Racconto “IL VINO MIGLIORE DEL MONDO” di Angela Amico

Non potevi prevedere che piovesse, ma alla fine è bastato indossare un piccolo pullover e, sulle strade rese lucide dall'acqua la tua auto è scivolata silenziosa. Non hai acceso neanche lo stereo, basta il suono del vento ovattato dai finestrini e quell'impercettibile sibilo dei respiri. Tu ti senti vivo, e lei vicino a te è stupita dall'intimità acquisita da una sola notte trascorsa insieme.
Quando piove, la campagna assume dei colori più intensi, e la pietra nera della sciara diventa lucente come fosse preziosa, i cestini gialli dei fiori di ginestra a ravvivare il nero, e la cima dell'Etna a indicare, là in fondo e in alto, che c'è una inarrivabile meta che ci aspetta, comunque.
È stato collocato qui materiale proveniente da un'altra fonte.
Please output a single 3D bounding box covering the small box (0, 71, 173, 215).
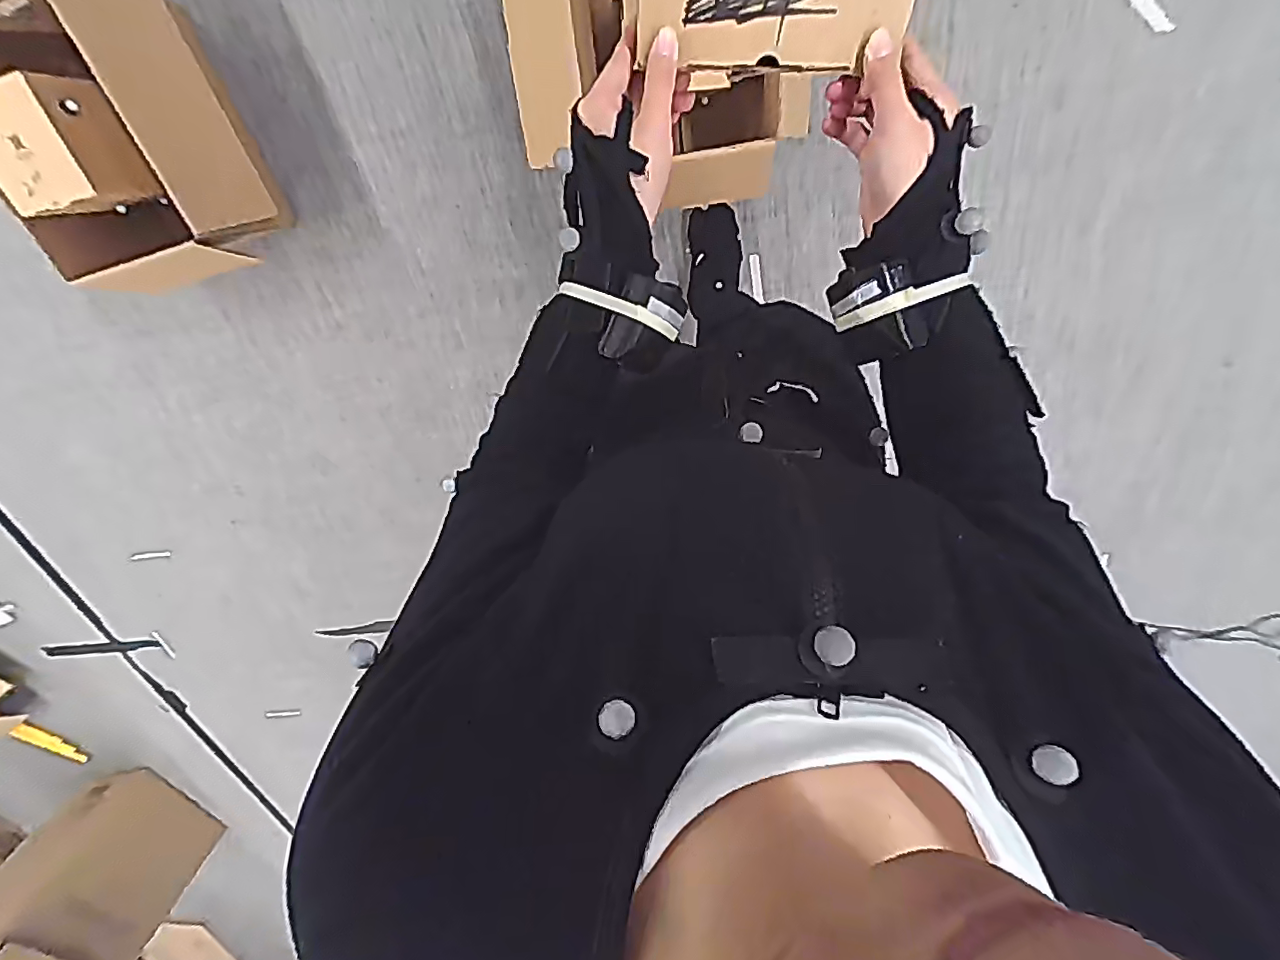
[{"bbox_3d":[-0.999,-0.582,0.950,0.168,0.176,0.179,-8,120,10],"label":"small box"}]

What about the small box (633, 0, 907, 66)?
[{"bbox_3d":[0.082,-0.381,0.352,0.168,0.176,0.179,1,126,1],"label":"small box"}]
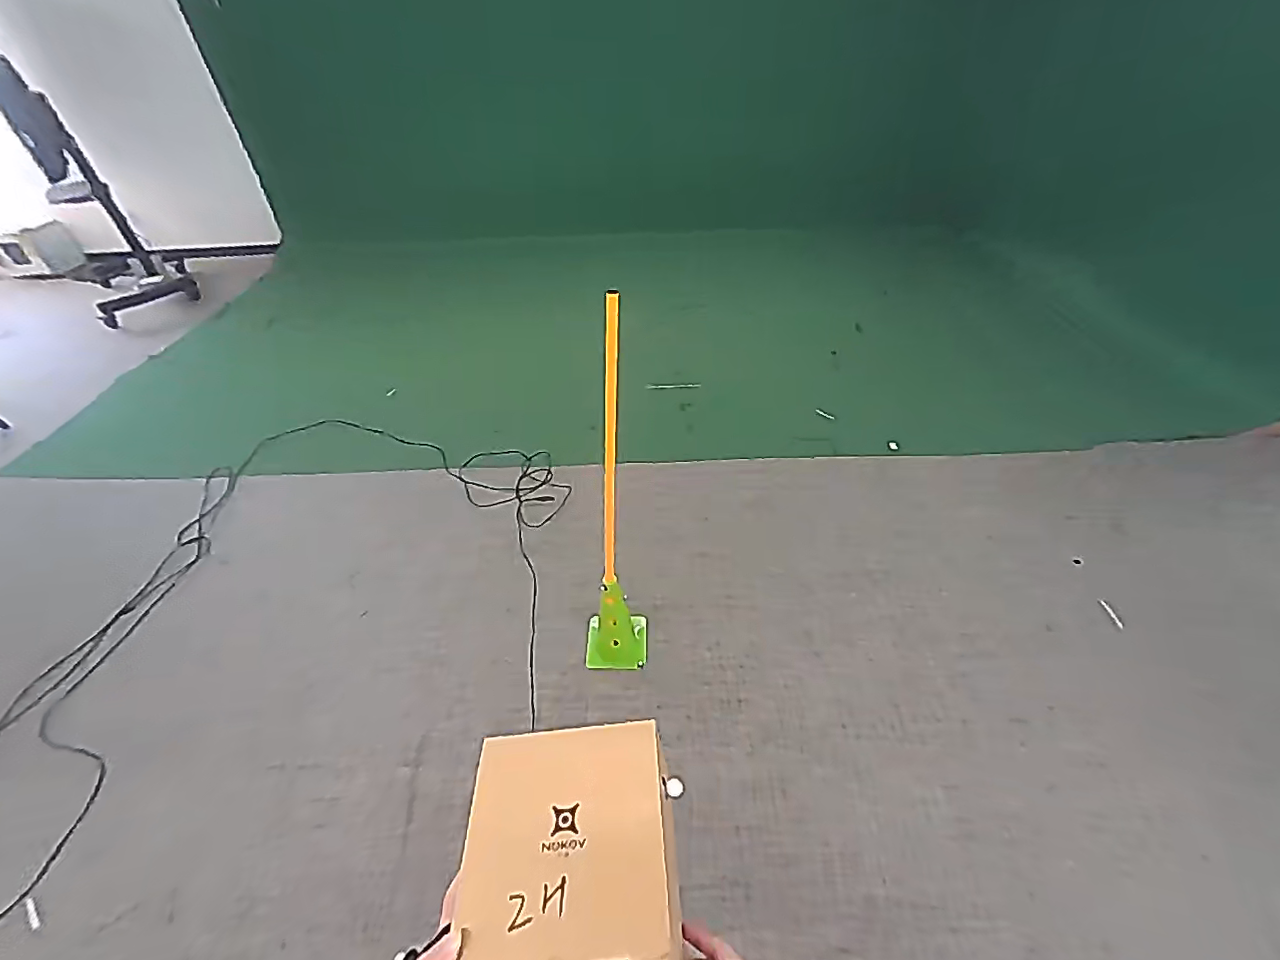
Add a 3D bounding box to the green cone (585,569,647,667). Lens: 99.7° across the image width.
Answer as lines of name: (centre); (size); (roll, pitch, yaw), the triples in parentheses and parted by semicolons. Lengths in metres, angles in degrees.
green cone: (-0.088, 0.408, 1.711); (0.202, 0.368, 0.200); (-2, 41, 3)
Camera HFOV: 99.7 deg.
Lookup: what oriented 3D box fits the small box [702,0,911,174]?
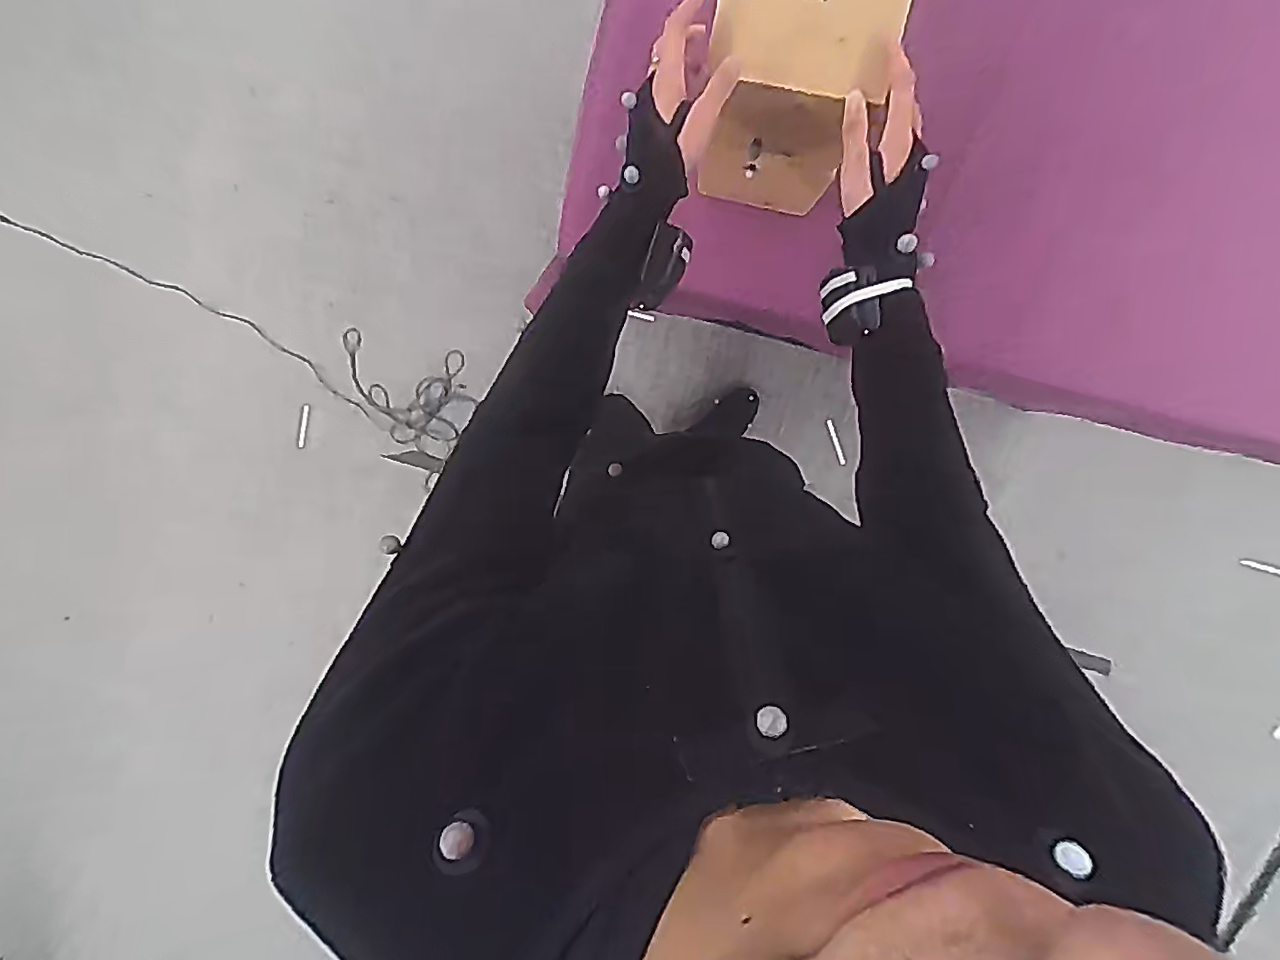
[{"bbox_3d":[0.159,-0.444,0.546,0.168,0.176,0.179,12,102,2],"label":"small box"}]

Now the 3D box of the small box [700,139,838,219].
[{"bbox_3d":[0.177,-0.471,0.706,0.168,0.176,0.179,14,101,2],"label":"small box"}]
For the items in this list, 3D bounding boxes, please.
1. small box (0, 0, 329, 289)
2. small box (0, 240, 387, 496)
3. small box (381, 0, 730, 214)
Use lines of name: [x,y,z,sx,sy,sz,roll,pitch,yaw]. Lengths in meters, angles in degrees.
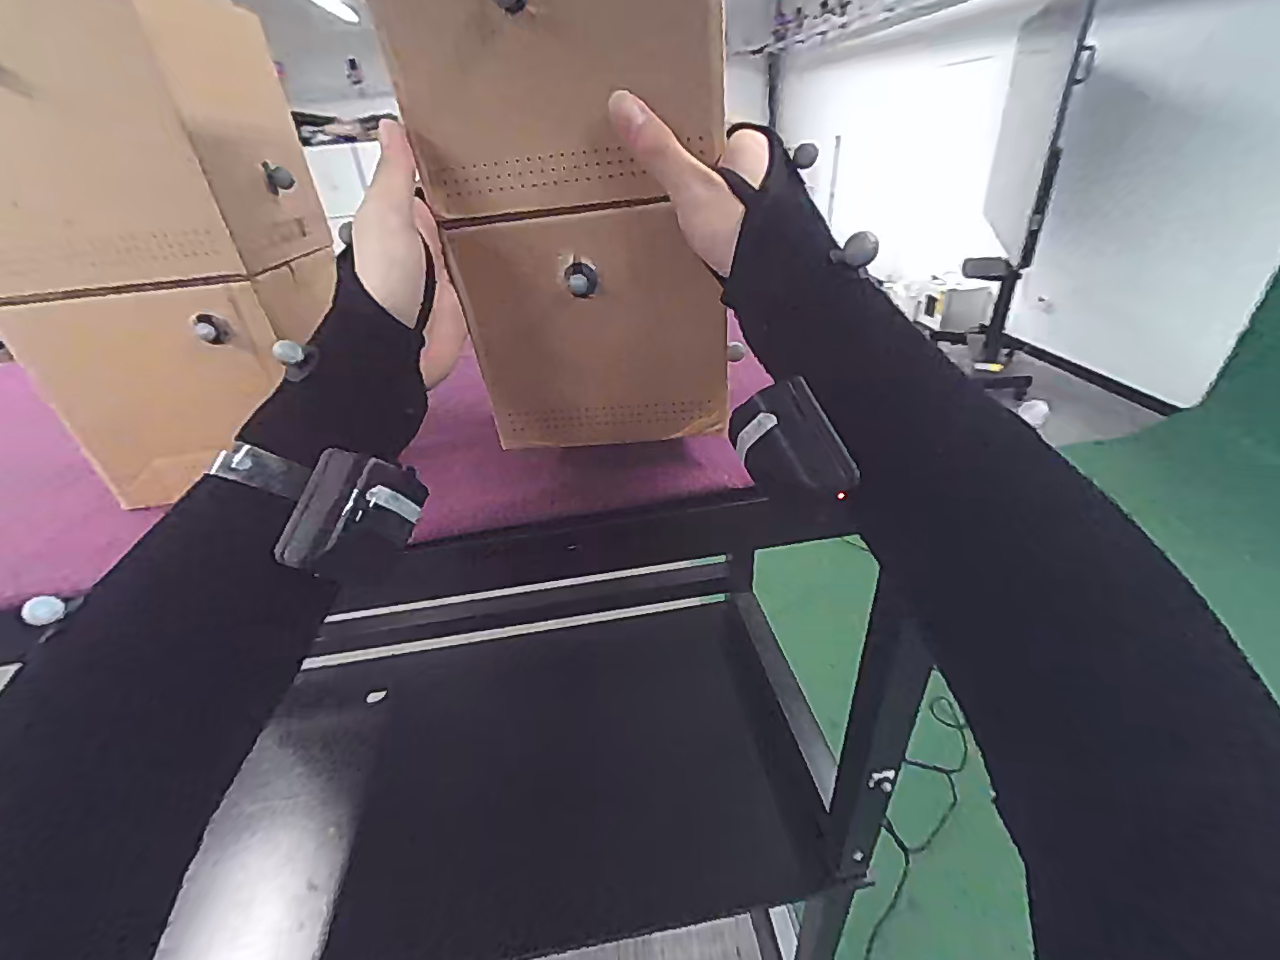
small box: [-0.364,-0.240,0.383,0.179,0.176,0.168,-7,32,-4]
small box: [-0.352,-0.100,0.470,0.179,0.176,0.168,-8,33,-5]
small box: [-0.042,-0.271,0.324,0.179,0.176,0.168,-4,38,7]
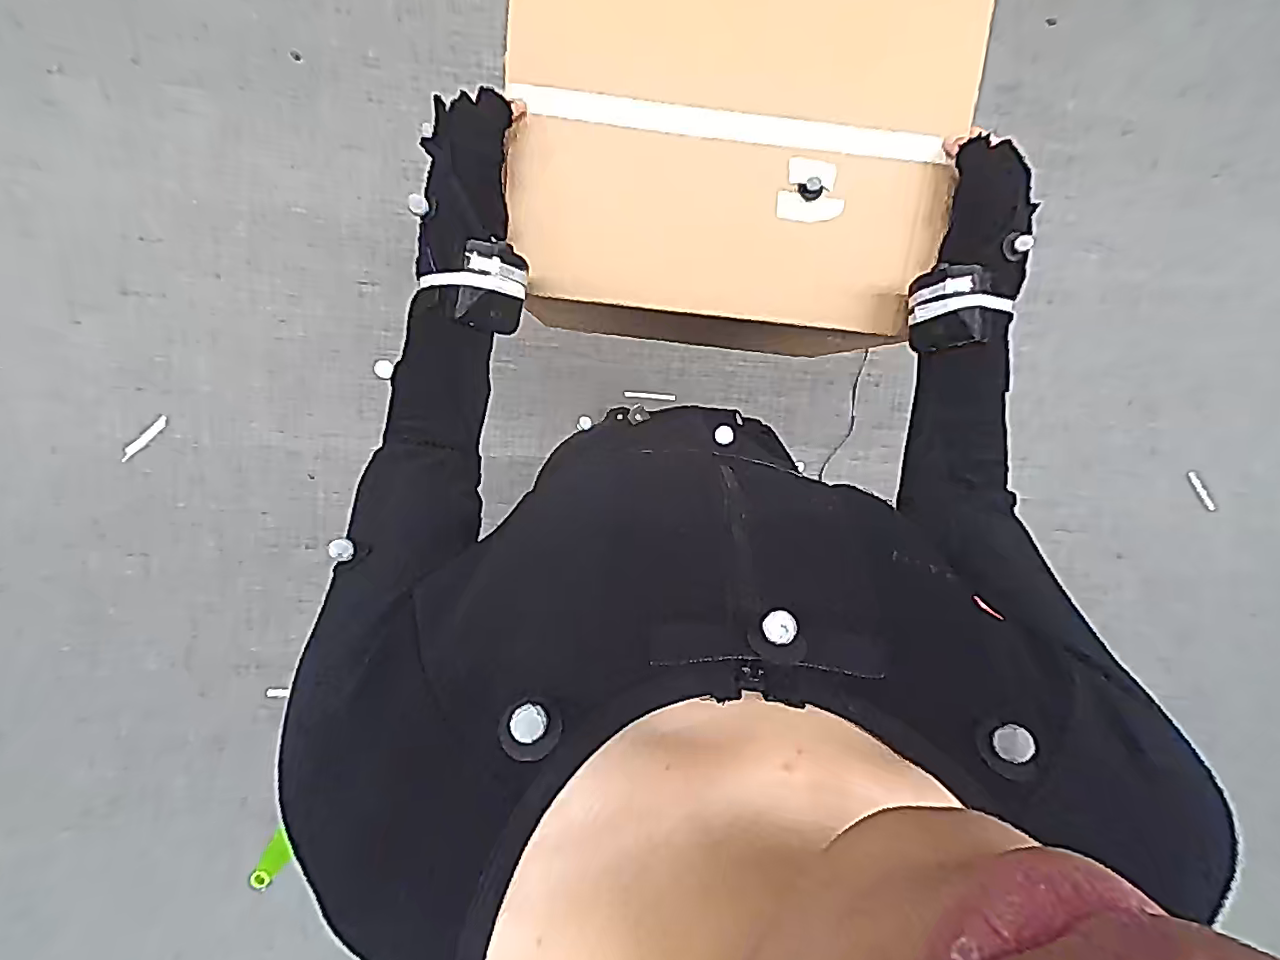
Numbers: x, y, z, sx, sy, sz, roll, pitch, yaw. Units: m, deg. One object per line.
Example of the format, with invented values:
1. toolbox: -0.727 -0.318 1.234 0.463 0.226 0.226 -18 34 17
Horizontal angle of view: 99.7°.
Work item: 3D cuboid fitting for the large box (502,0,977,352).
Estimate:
1. large box: 0.076 -0.330 0.620 0.408 0.320 0.320 5 99 -4
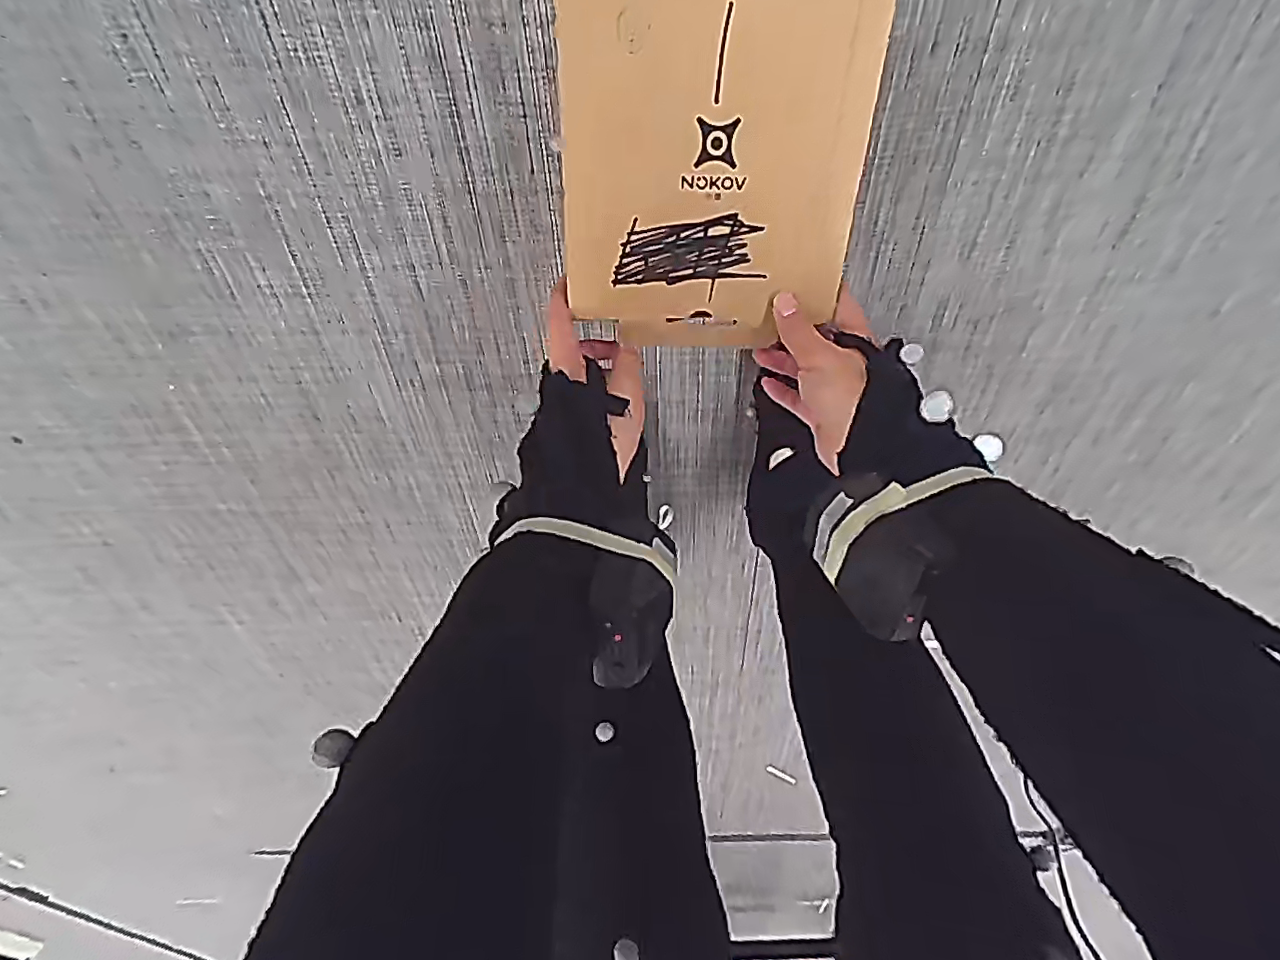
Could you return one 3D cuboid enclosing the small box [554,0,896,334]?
[{"bbox_3d":[0.038,-0.208,0.362,0.168,0.176,0.179,1,119,-1],"label":"small box"}]
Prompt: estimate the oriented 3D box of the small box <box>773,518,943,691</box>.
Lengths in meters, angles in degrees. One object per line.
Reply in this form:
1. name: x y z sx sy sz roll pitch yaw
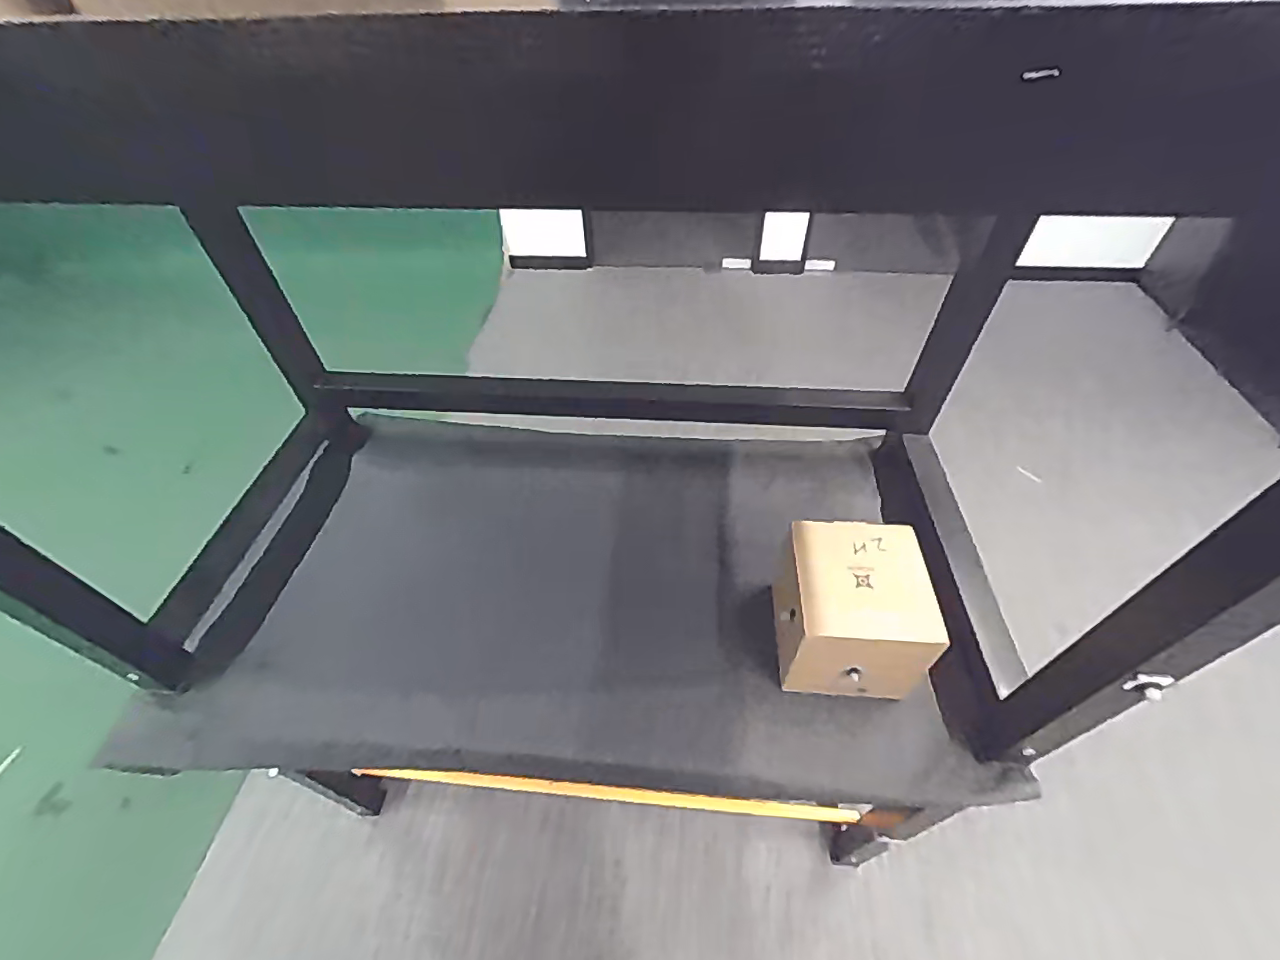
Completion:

Non oggi, però. Oggi si va per vigneti, e per cantine.
Non hai pianificato l'itinerario, è come se fossero la strada e la campagna a condurti. Le gite precedenti, con altre persone, con un altra donna, sono state cancellate, rese pallide e lontane. C'è solo questa gita, questa strada e questa donna, della quale a stento conosci, oltre al nome e al numero di telefono, poche informazioni essenziali, poche abitudini, qualche nevrosi. Però stai respirando la stessa porzione di atmosfera, su questa piccola porzione di pianeta, e stringendo la sua mano tiepida, e avvertendo le piccole oscillazioni del suo respiro quando stringi un po' di più il suo polso, o quando ti avvicini un secondo per odorare i suoi capelli.
Fuori dal paese, le indicazioni cominciano a segnalare le case vinicole. Alcune sono notissime, e ne hai assaggiato qualche bottiglia, di altre hai letto sui giornali, altre sono sconosciute. Non sai da quale cominciare e ti accontenti di guardare a destra e a sinistra della strada, lisciando con lo sguardo i filari ordinati, e i casolari più distanti dalla strada; qualche cane attraversa pigramente la strada, ma la tua auto procede lentamente, nessun pericolo.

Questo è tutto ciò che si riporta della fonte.